UCLA professors elected to National Academy of Engineering

Two UCLA professors were recently elected to lend their engineering expertise to government officials on issues of science and technology.

Chandrashekhar Joshi, an electrical engineering professor and Alan Willson, a professor emeritus in electrical engineering, were among the 67 new members elected to the National Academy of Engineering this year. The academy is an institution in which members give their expert opinions to government leaders, said Randy Atkins, a senior program officer at the academy.

In order to be elected to the academy, an engineer’s contributions must have a fundamental impact on society or the engineering field, said Frank Chang, distinguished professor and chairman of the electrical engineering department, who was elected to the academy in 2008.

Both Willson and Joshi said they were honored to find out that they were elected.

“It’s a very high honor,” Joshi said. “It’s not that you lobby to be a member. You can have an inkling that you’re being considered, but you don’t really know.”

Chang said it is very uncommon for any university or department to have more than one faculty member elected to the academy in one year.

“It’s lucky to get both of them elected in the same year,” Chang said. “Usually if (UCLA) gets one, we get very happy.”

Alan Willson

Willson’s research involves developing new methods to enhance digital signals, which are used in computers, cell phones and CD players.

When he came to UCLA 40 years ago, he created the first course on digital signal processing, which involves converting continuous signals, such as the sound of someone speaking, into sequences of numbers that can be recognized by a computer.

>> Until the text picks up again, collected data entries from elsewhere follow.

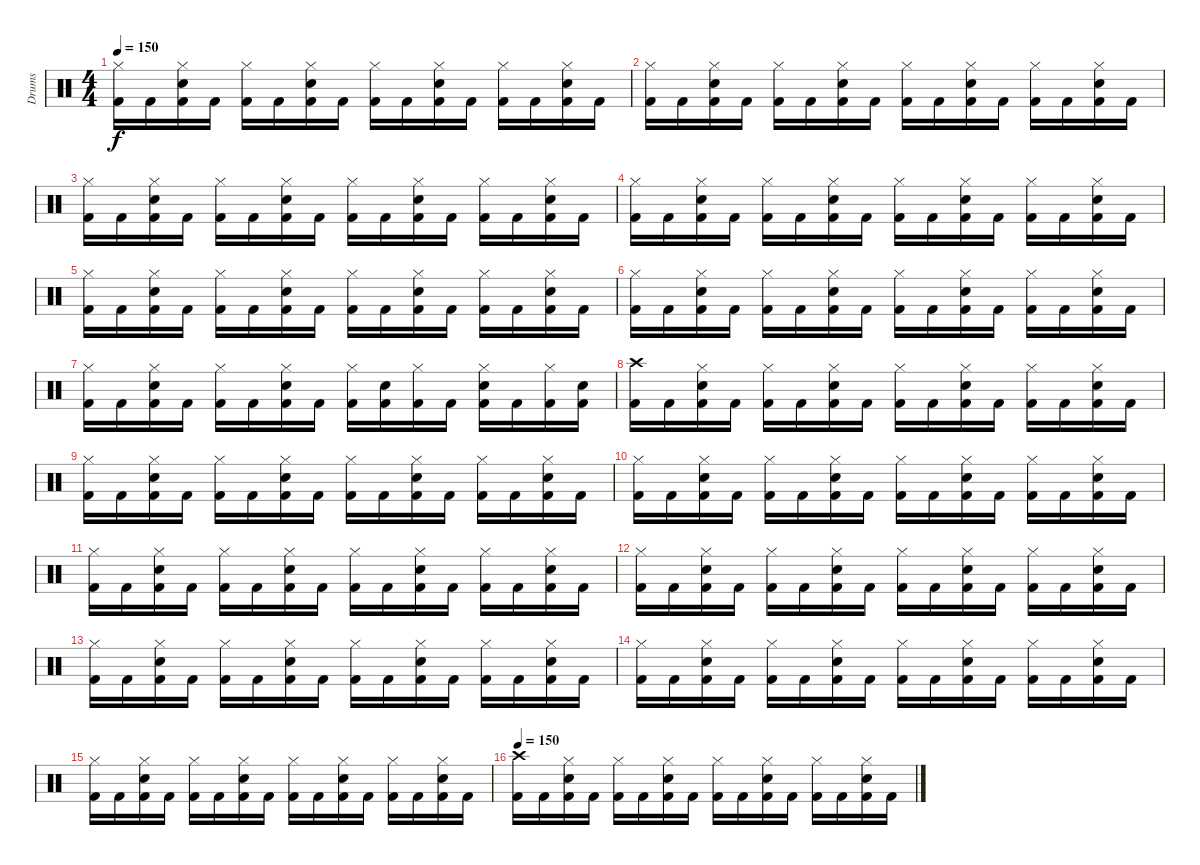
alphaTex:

\track ("Drums" "Drums") {instrument percussion}
\staff {score}
\articulation defaults
\ts (4 4)
\tempo 150
\clef neutral
\ks c
("Hi-Hat (closed)" "Kick (hit) 2").16{dy f} "Kick (hit) 2".16 ("Hi-Hat (closed)" "Electric Snare (hit)" "Kick (hit) 2").16 "Kick (hit) 2".16 ("Hi-Hat (closed)" "Kick (hit) 2").16 "Kick (hit) 2".16 ("Hi-Hat (closed)" "Electric Snare (hit)" "Kick (hit) 2").16 "Kick (hit) 2".16 ("Hi-Hat (closed)" "Kick (hit) 2").16 "Kick (hit) 2".16 ("Hi-Hat (closed)" "Electric Snare (hit)" "Kick (hit) 2").16 "Kick (hit) 2".16 ("Hi-Hat (closed)" "Kick (hit) 2").16 "Kick (hit) 2".16 ("Hi-Hat (closed)" "Electric Snare (hit)" "Kick (hit) 2").16 "Kick (hit) 2".16 |
("Hi-Hat (closed)" "Kick (hit) 2").16 "Kick (hit) 2".16 ("Hi-Hat (closed)" "Electric Snare (hit)" "Kick (hit) 2").16 "Kick (hit) 2".16 ("Hi-Hat (closed)" "Kick (hit) 2").16 "Kick (hit) 2".16 ("Hi-Hat (closed)" "Electric Snare (hit)" "Kick (hit) 2").16 "Kick (hit) 2".16 ("Hi-Hat (closed)" "Kick (hit) 2").16 "Kick (hit) 2".16 ("Hi-Hat (closed)" "Electric Snare (hit)" "Kick (hit) 2").16 "Kick (hit) 2".16 ("Hi-Hat (closed)" "Kick (hit) 2").16 "Kick (hit) 2".16 ("Hi-Hat (closed)" "Electric Snare (hit)" "Kick (hit) 2").16 "Kick (hit) 2".16 |
("Hi-Hat (closed)" "Kick (hit) 2").16 "Kick (hit) 2".16 ("Hi-Hat (closed)" "Electric Snare (hit)" "Kick (hit) 2").16 "Kick (hit) 2".16 ("Hi-Hat (closed)" "Kick (hit) 2").16 "Kick (hit) 2".16 ("Hi-Hat (closed)" "Electric Snare (hit)" "Kick (hit) 2").16 "Kick (hit) 2".16 ("Hi-Hat (closed)" "Kick (hit) 2").16 "Kick (hit) 2".16 ("Hi-Hat (closed)" "Electric Snare (hit)" "Kick (hit) 2").16 "Kick (hit) 2".16 ("Hi-Hat (closed)" "Kick (hit) 2").16 "Kick (hit) 2".16 ("Hi-Hat (closed)" "Electric Snare (hit)" "Kick (hit) 2").16 "Kick (hit) 2".16 |
("Hi-Hat (closed)" "Kick (hit) 2").16 "Kick (hit) 2".16 ("Hi-Hat (closed)" "Electric Snare (hit)" "Kick (hit) 2").16 "Kick (hit) 2".16 ("Hi-Hat (closed)" "Kick (hit) 2").16 "Kick (hit) 2".16 ("Hi-Hat (closed)" "Electric Snare (hit)" "Kick (hit) 2").16 "Kick (hit) 2".16 ("Hi-Hat (closed)" "Kick (hit) 2").16 "Kick (hit) 2".16 ("Hi-Hat (closed)" "Electric Snare (hit)" "Kick (hit) 2").16 "Kick (hit) 2".16 ("Hi-Hat (closed)" "Kick (hit) 2").16 "Kick (hit) 2".16 ("Hi-Hat (closed)" "Electric Snare (hit)" "Kick (hit) 2").16 "Kick (hit) 2".16 |
("Hi-Hat (closed)" "Kick (hit) 2").16 "Kick (hit) 2".16 ("Hi-Hat (closed)" "Electric Snare (hit)" "Kick (hit) 2").16 "Kick (hit) 2".16 ("Hi-Hat (closed)" "Kick (hit) 2").16 "Kick (hit) 2".16 ("Hi-Hat (closed)" "Electric Snare (hit)" "Kick (hit) 2").16 "Kick (hit) 2".16 ("Hi-Hat (closed)" "Kick (hit) 2").16 "Kick (hit) 2".16 ("Hi-Hat (closed)" "Electric Snare (hit)" "Kick (hit) 2").16 "Kick (hit) 2".16 ("Hi-Hat (closed)" "Kick (hit) 2").16 "Kick (hit) 2".16 ("Hi-Hat (closed)" "Electric Snare (hit)" "Kick (hit) 2").16 "Kick (hit) 2".16 |
("Hi-Hat (closed)" "Kick (hit) 2").16 "Kick (hit) 2".16 ("Hi-Hat (closed)" "Electric Snare (hit)" "Kick (hit) 2").16 "Kick (hit) 2".16 ("Hi-Hat (closed)" "Kick (hit) 2").16 "Kick (hit) 2".16 ("Hi-Hat (closed)" "Electric Snare (hit)" "Kick (hit) 2").16 "Kick (hit) 2".16 ("Hi-Hat (closed)" "Kick (hit) 2").16 "Kick (hit) 2".16 ("Hi-Hat (closed)" "Electric Snare (hit)" "Kick (hit) 2").16 "Kick (hit) 2".16 ("Hi-Hat (closed)" "Kick (hit) 2").16 "Kick (hit) 2".16 ("Hi-Hat (closed)" "Electric Snare (hit)" "Kick (hit) 2").16 "Kick (hit) 2".16 |
("Hi-Hat (closed)" "Kick (hit) 2").16 "Kick (hit) 2".16 ("Hi-Hat (closed)" "Electric Snare (hit)" "Kick (hit) 2").16 "Kick (hit) 2".16 ("Hi-Hat (closed)" "Kick (hit) 2").16 "Kick (hit) 2".16 ("Hi-Hat (closed)" "Electric Snare (hit)" "Kick (hit) 2").16 "Kick (hit) 2".16 ("Hi-Hat (closed)" "Kick (hit) 2").16 ("Electric Snare (hit)" "Kick (hit) 2").16 ("Hi-Hat (closed)" "Kick (hit) 2").16 "Kick (hit) 2".16 ("Hi-Hat (closed)" "Electric Snare (hit)" "Kick (hit) 2").16 "Kick (hit) 2".16 ("Hi-Hat (closed)" "Kick (hit) 2").16 ("Electric Snare (hit)" "Kick (hit) 2").16 |
("Crash high (hit)" "Kick (hit) 2").16 "Kick (hit) 2".16 ("Hi-Hat (closed)" "Electric Snare (hit)" "Kick (hit) 2").16 "Kick (hit) 2".16 ("Hi-Hat (closed)" "Kick (hit) 2").16 "Kick (hit) 2".16 ("Hi-Hat (closed)" "Electric Snare (hit)" "Kick (hit) 2").16 "Kick (hit) 2".16 ("Hi-Hat (closed)" "Kick (hit) 2").16 "Kick (hit) 2".16 ("Hi-Hat (closed)" "Electric Snare (hit)" "Kick (hit) 2").16 "Kick (hit) 2".16 ("Hi-Hat (closed)" "Kick (hit) 2").16 "Kick (hit) 2".16 ("Hi-Hat (closed)" "Electric Snare (hit)" "Kick (hit) 2").16 "Kick (hit) 2".16 |
("Hi-Hat (closed)" "Kick (hit) 2").16 "Kick (hit) 2".16 ("Hi-Hat (closed)" "Electric Snare (hit)" "Kick (hit) 2").16 "Kick (hit) 2".16 ("Hi-Hat (closed)" "Kick (hit) 2").16 "Kick (hit) 2".16 ("Hi-Hat (closed)" "Electric Snare (hit)" "Kick (hit) 2").16 "Kick (hit) 2".16 ("Hi-Hat (closed)" "Kick (hit) 2").16 "Kick (hit) 2".16 ("Hi-Hat (closed)" "Electric Snare (hit)" "Kick (hit) 2").16 "Kick (hit) 2".16 ("Hi-Hat (closed)" "Kick (hit) 2").16 "Kick (hit) 2".16 ("Hi-Hat (closed)" "Electric Snare (hit)" "Kick (hit) 2").16 "Kick (hit) 2".16 |
("Hi-Hat (closed)" "Kick (hit) 2").16 "Kick (hit) 2".16 ("Hi-Hat (closed)" "Electric Snare (hit)" "Kick (hit) 2").16 "Kick (hit) 2".16 ("Hi-Hat (closed)" "Kick (hit) 2").16 "Kick (hit) 2".16 ("Hi-Hat (closed)" "Electric Snare (hit)" "Kick (hit) 2").16 "Kick (hit) 2".16 ("Hi-Hat (closed)" "Kick (hit) 2").16 "Kick (hit) 2".16 ("Hi-Hat (closed)" "Electric Snare (hit)" "Kick (hit) 2").16 "Kick (hit) 2".16 ("Hi-Hat (closed)" "Kick (hit) 2").16 "Kick (hit) 2".16 ("Hi-Hat (closed)" "Electric Snare (hit)" "Kick (hit) 2").16 "Kick (hit) 2".16 |
("Hi-Hat (closed)" "Kick (hit) 2").16 "Kick (hit) 2".16 ("Hi-Hat (closed)" "Electric Snare (hit)" "Kick (hit) 2").16 "Kick (hit) 2".16 ("Hi-Hat (closed)" "Kick (hit) 2").16 "Kick (hit) 2".16 ("Hi-Hat (closed)" "Electric Snare (hit)" "Kick (hit) 2").16 "Kick (hit) 2".16 ("Hi-Hat (closed)" "Kick (hit) 2").16 "Kick (hit) 2".16 ("Hi-Hat (closed)" "Electric Snare (hit)" "Kick (hit) 2").16 "Kick (hit) 2".16 ("Hi-Hat (closed)" "Kick (hit) 2").16 "Kick (hit) 2".16 ("Hi-Hat (closed)" "Electric Snare (hit)" "Kick (hit) 2").16 "Kick (hit) 2".16 |
("Hi-Hat (closed)" "Kick (hit) 2").16 "Kick (hit) 2".16 ("Hi-Hat (closed)" "Electric Snare (hit)" "Kick (hit) 2").16 "Kick (hit) 2".16 ("Hi-Hat (closed)" "Kick (hit) 2").16 "Kick (hit) 2".16 ("Hi-Hat (closed)" "Electric Snare (hit)" "Kick (hit) 2").16 "Kick (hit) 2".16 ("Hi-Hat (closed)" "Kick (hit) 2").16 "Kick (hit) 2".16 ("Hi-Hat (closed)" "Electric Snare (hit)" "Kick (hit) 2").16 "Kick (hit) 2".16 ("Hi-Hat (closed)" "Kick (hit) 2").16 "Kick (hit) 2".16 ("Hi-Hat (closed)" "Electric Snare (hit)" "Kick (hit) 2").16 "Kick (hit) 2".16 |
("Hi-Hat (closed)" "Kick (hit) 2").16 "Kick (hit) 2".16 ("Hi-Hat (closed)" "Electric Snare (hit)" "Kick (hit) 2").16 "Kick (hit) 2".16 ("Hi-Hat (closed)" "Kick (hit) 2").16 "Kick (hit) 2".16 ("Hi-Hat (closed)" "Electric Snare (hit)" "Kick (hit) 2").16 "Kick (hit) 2".16 ("Hi-Hat (closed)" "Kick (hit) 2").16 "Kick (hit) 2".16 ("Hi-Hat (closed)" "Electric Snare (hit)" "Kick (hit) 2").16 "Kick (hit) 2".16 ("Hi-Hat (closed)" "Kick (hit) 2").16 "Kick (hit) 2".16 ("Hi-Hat (closed)" "Electric Snare (hit)" "Kick (hit) 2").16 "Kick (hit) 2".16 |
("Hi-Hat (closed)" "Kick (hit) 2").16 "Kick (hit) 2".16 ("Hi-Hat (closed)" "Electric Snare (hit)" "Kick (hit) 2").16 "Kick (hit) 2".16 ("Hi-Hat (closed)" "Kick (hit) 2").16 "Kick (hit) 2".16 ("Hi-Hat (closed)" "Electric Snare (hit)" "Kick (hit) 2").16 "Kick (hit) 2".16 ("Hi-Hat (closed)" "Kick (hit) 2").16 "Kick (hit) 2".16 ("Hi-Hat (closed)" "Electric Snare (hit)" "Kick (hit) 2").16 "Kick (hit) 2".16 ("Hi-Hat (closed)" "Kick (hit) 2").16 "Kick (hit) 2".16 ("Hi-Hat (closed)" "Electric Snare (hit)" "Kick (hit) 2").16 "Kick (hit) 2".16 |
("Hi-Hat (closed)" "Kick (hit) 2").16 "Kick (hit) 2".16 ("Hi-Hat (closed)" "Electric Snare (hit)" "Kick (hit) 2").16 "Kick (hit) 2".16 ("Hi-Hat (closed)" "Kick (hit) 2").16 "Kick (hit) 2".16 ("Hi-Hat (closed)" "Electric Snare (hit)" "Kick (hit) 2").16 "Kick (hit) 2".16 ("Hi-Hat (closed)" "Kick (hit) 2").16 "Kick (hit) 2".16 ("Hi-Hat (closed)" "Electric Snare (hit)" "Kick (hit) 2").16 "Kick (hit) 2".16 ("Hi-Hat (closed)" "Kick (hit) 2").16 "Kick (hit) 2".16 ("Hi-Hat (closed)" "Electric Snare (hit)" "Kick (hit) 2").16 "Kick (hit) 2".16 |
\tempo 150
("Crash high (hit)" "Kick (hit) 2").16 "Kick (hit) 2".16 ("Hi-Hat (closed)" "Electric Snare (hit)" "Kick (hit) 2").16 "Kick (hit) 2".16 ("Hi-Hat (closed)" "Kick (hit) 2").16 "Kick (hit) 2".16 ("Hi-Hat (closed)" "Electric Snare (hit)" "Kick (hit) 2").16 "Kick (hit) 2".16 ("Hi-Hat (closed)" "Kick (hit) 2").16 "Kick (hit) 2".16 ("Hi-Hat (closed)" "Electric Snare (hit)" "Kick (hit) 2").16 "Kick (hit) 2".16 ("Hi-Hat (closed)" "Kick (hit) 2").16 "Kick (hit) 2".16 ("Hi-Hat (closed)" "Electric Snare (hit)" "Kick (hit) 2").16 "Kick (hit) 2".16

Willson first discovered his passion for computer science 57 years ago when he learned how to write computer programs at a railroad company in Baltimore on a Datamatic 1000, a computer that took up almost 1,000 square feet.

“I could see that there were lots of opportunities to do things that were of value,” Willson said. “It was clear that the world was becoming digital.”

Willson has also been involved in digital filtering, a process that separates the background frequencies in digital signals. It can be used to more efficiently measure electrical activity of the heart.

Chang said Willson was one of the first engineers to teach and study the processing of analog signals to digital signals.

“Professor Willson is one of the pioneer scientists in this area. He’s the first one to start courses at research universities,” Chang said. “He found cost-effective and efficient ways to digitize an analog signal into a digital format so that computers can read it.”

Chandrashekhar Joshi

Joshi spends his time trying to perfect a method of viewing extremely small pieces of matter that are a fraction of the size of a proton.

In 1984, Joshi was the first person to develop an experimental program to create a plasma accelerator, which can accelerate electrons using waves produced in ionized gas. By accelerating electrons in the device, researchers were able to view extremely small matter.

When Joshi and his colleagues first performed the experiment that accelerated electrons using the plasma accelerator, many of his colleagues did not believe it would work. They finally believed the project was successful when they saw that the image of the electron paths were what Joshi and his team predicted. Joshi bought his colleagues and students milkshakes to celebrate the triumph.

“There have been many moments of sheer joy,” Joshi said. “Because when you do research like this, it is really like nature revealing herself to you.”

By increasing the energy of the accelerated electrons, the plasma accelerator can allow scientists to view extremely small particles using a smaller, more affordable machine.

“We proposed (the plasma accelerator) and started it here at UCLA. From here, the effort has spread worldwide,” Joshi said.

Joshi and his colleagues are now working on increasing the energy of the electrons so the plasma accelerator will be able to perform state-of-the-art experiments to study the structure of matter.

“In all these large and complex scientific problems, a human lifetime is the time scale,” Joshi said.